4,1,1.0,2011,"£265,000"
5,3,,1992,"£384,000"
6,4,2.0,1986,"£498,000"


Rename the columns as `"Bedrooms"`, `"Bathrooms"`, `"Year Built"` and `"Price"`

In [2]:
houses = houses.rename(columns={0:'Bedrooms', 1:'Bathrooms', 2: 'Year Built', 3: 'Price'})

There are missing values for two of the houses' number of bedrooms.

Fill these in with their number of bedrooms instead.

In [3]:
houses['Bathrooms'] = houses['Bathrooms'].fillna(houses['Bedrooms'])

Write a function to remove the `"£"` and `","` from the string and return the price as a numerical value instead of a string.

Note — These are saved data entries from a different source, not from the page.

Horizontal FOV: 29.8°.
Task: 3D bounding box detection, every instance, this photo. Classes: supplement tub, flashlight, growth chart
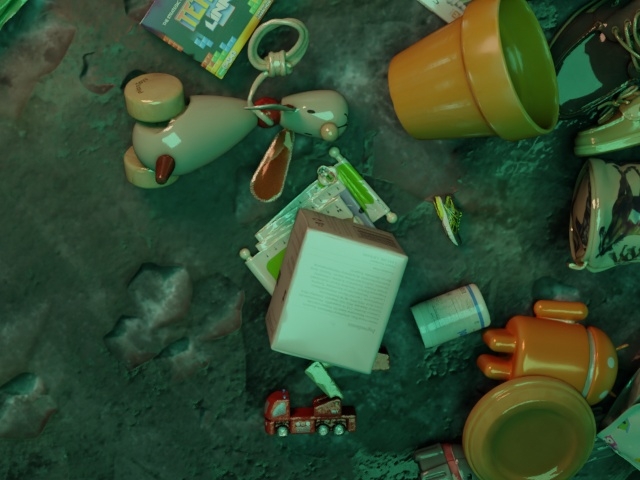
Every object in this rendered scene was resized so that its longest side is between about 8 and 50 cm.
[{"bbox_3d":[0.196,0.114,1.816,0.107,0.071,0.071,-21,103,1],"label":"supplement tub"},{"bbox_3d":[0.299,0.329,1.855,0.304,0.103,0.103,-16,103,0],"label":"flashlight"},{"bbox_3d":[0.000,0.000,1.802,0.172,0.021,0.237,42,96,-13],"label":"growth chart"}]

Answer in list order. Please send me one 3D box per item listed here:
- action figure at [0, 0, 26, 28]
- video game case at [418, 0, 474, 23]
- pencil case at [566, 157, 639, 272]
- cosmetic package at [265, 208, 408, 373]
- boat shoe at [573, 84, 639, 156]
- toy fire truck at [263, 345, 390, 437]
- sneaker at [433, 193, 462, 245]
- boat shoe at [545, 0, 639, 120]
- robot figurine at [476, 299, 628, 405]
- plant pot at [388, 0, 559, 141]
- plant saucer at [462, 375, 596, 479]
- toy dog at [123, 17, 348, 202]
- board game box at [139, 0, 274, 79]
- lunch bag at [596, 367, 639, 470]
[{"bbox_3d":[-0.471,-0.330,1.670,0.232,0.063,0.137,-40,100,8],"label":"action figure"},{"bbox_3d":[0.185,-0.430,1.725,0.173,0.022,0.190,35,97,-11],"label":"video game case"},{"bbox_3d":[0.560,-0.027,1.770,0.410,0.160,0.183,2,77,-6],"label":"pencil case"},{"bbox_3d":[0.019,0.071,1.731,0.151,0.151,0.183,16,100,-9],"label":"cosmetic package"},{"bbox_3d":[0.490,-0.204,1.765,0.285,0.104,0.089,-25,99,-10],"label":"boat shoe"},{"bbox_3d":[0.009,0.228,1.836,0.192,0.047,0.135,-1,102,-4],"label":"toy fire truck"},{"bbox_3d":[0.199,-0.032,1.805,0.035,0.031,0.083,-23,103,0],"label":"sneaker"},{"bbox_3d":[0.455,-0.309,1.718,0.355,0.130,0.132,-44,102,5],"label":"boat shoe"},{"bbox_3d":[0.351,0.180,1.814,0.219,0.128,0.158,9,59,-7],"label":"robot figurine"},{"bbox_3d":[0.206,-0.223,1.678,0.188,0.205,0.205,-15,105,29],"label":"plant pot"},{"bbox_3d":[0.310,0.294,1.769,0.200,0.037,0.200,-2,112,-4],"label":"plant saucer"},{"bbox_3d":[-0.124,-0.145,1.673,0.334,0.161,0.220,-22,133,4],"label":"toy dog"},{"bbox_3d":[-0.151,-0.337,1.703,0.141,0.048,0.170,32,97,-12],"label":"board game box"},{"bbox_3d":[0.562,0.254,1.757,0.223,0.160,0.262,36,101,4],"label":"lunch bag"}]
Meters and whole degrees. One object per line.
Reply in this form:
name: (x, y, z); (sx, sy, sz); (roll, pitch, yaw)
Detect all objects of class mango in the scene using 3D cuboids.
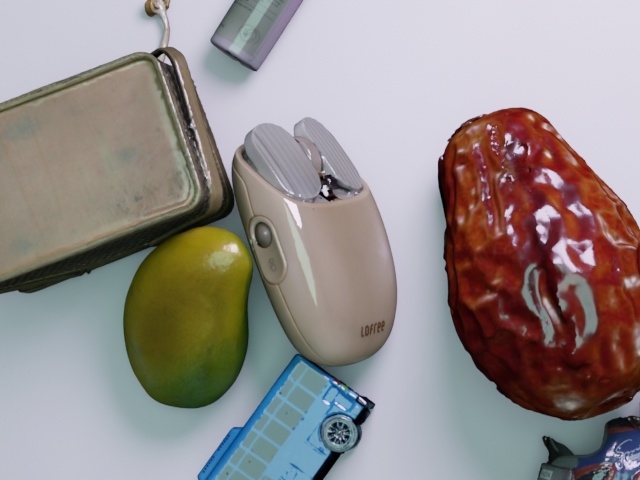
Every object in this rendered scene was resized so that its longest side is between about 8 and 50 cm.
mango: (-0.123, 0.069, 1.778); (0.122, 0.085, 0.191); (21, 114, 27)

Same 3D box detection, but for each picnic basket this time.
picnic basket: (-0.221, -0.062, 1.767); (0.266, 0.139, 0.165); (-21, 84, 9)

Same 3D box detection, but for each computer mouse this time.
computer mouse: (0.000, 0.000, 1.764); (0.082, 0.145, 0.236); (-23, 82, 39)

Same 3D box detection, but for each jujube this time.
jujube: (0.201, 0.021, 1.724); (0.197, 0.197, 0.290); (-21, 70, 3)

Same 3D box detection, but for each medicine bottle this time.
medicine bottle: (-0.031, -0.259, 1.823); (0.057, 0.057, 0.199); (33, 90, 6)

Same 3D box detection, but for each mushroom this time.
mushroom: (-0.185, -0.105, 1.846); (0.028, 0.026, 0.286); (13, 89, 21)

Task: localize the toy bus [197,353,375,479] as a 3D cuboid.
toy bus: (-0.037, 0.203, 1.782); (0.106, 0.090, 0.185); (36, 88, 6)

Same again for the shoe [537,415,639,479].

Map this function to the price column.

In [4]:
def clean_price(price_str):
    price_str = price_str.lstrip('£')
    price_str = price_str.replace(',', '')
    return int(price_str)

houses['Price'] = houses['Price'].map(clean_price)

What is the average price per bedroom for a house on this road?

In [5]:
(houses['Price'] / houses['Bedrooms']).mean()

173261.90476190479

### Superstore Returns

Load the superstore data we used in the previous section by running the cell below:

In [6]:
superstore_sales = pd.read_csv('data/superstore_sales.csv')
# show top 5 rows
superstore_sales.head()

Unnamed: 0,Row ID,Order ID,Order Date,Order Priority,Order Quantity,Sales,Discount,Ship Mode,Profit,Unit Price,...,Customer Name,Province,Region,Customer Segment,Product Category,Product Sub-Category,Product Name,Product Container,Product Base Margin,Ship Date
0,1,3,13/10/2010,Low,6,261.54,0.04,Regular Air,-213.25,38.94,...,Muhammed MacIntyre,Nunavut,Nunavut,Small Business,Office Supplies,Storage & Organization,"Eldon Base for stackable storage shelf, platinum",Large Box,0.8,20/10/2010
1,49,293,01/10/2012,High,49,10123.02,0.07,Delivery Truck,457.81,208.16,...,Barry French,Nunavut,Nunavut,Consumer,Office Supplies,Appliances,"1.7 Cubic Foot Compact ""Cube"" Office Refrigera...",Jumbo Drum,0.58,02/10/2012
2,50,293,01/10/2012,High,27,244.57,0.01,Regular Air,46.71,8.69,...,Barry French,Nunavut,Nunavut,Consumer,Office Supplies,Binders and Binder Accessories,"Cardinal Slant-D® Ring Binder, Heavy Gauge Vinyl",Small Box,0.39,03/10/2012
3,80,483,10/07/2011,High,30,4965.7595,0.08,Regular Air,1198.97,195.99,...,Clay Rozendal,Nunavut,Nunavut,Corporate,Technology,Telephones and Communication,R380,Small Box,0.58,12/07/2011
4,85,515,28/08/2010,Not Specified,19,394.27,0.08,Regular Air,30.94,21.78,...,Carlos Soltero,Nunavut,Nunavut,Consumer,Office Supplies,Appliances,Holmes HEPA Air Purifier,Medium Box,0.5,30/08/2010


From this data frame, select only the `"Row ID"`, `"Order ID"`, `"Shipping Cost"` and `"Profit"` columns

In [7]:
superstore_sales = superstore_sales[['Row ID', 'Order ID', 'Shipping Cost', 'Profit']]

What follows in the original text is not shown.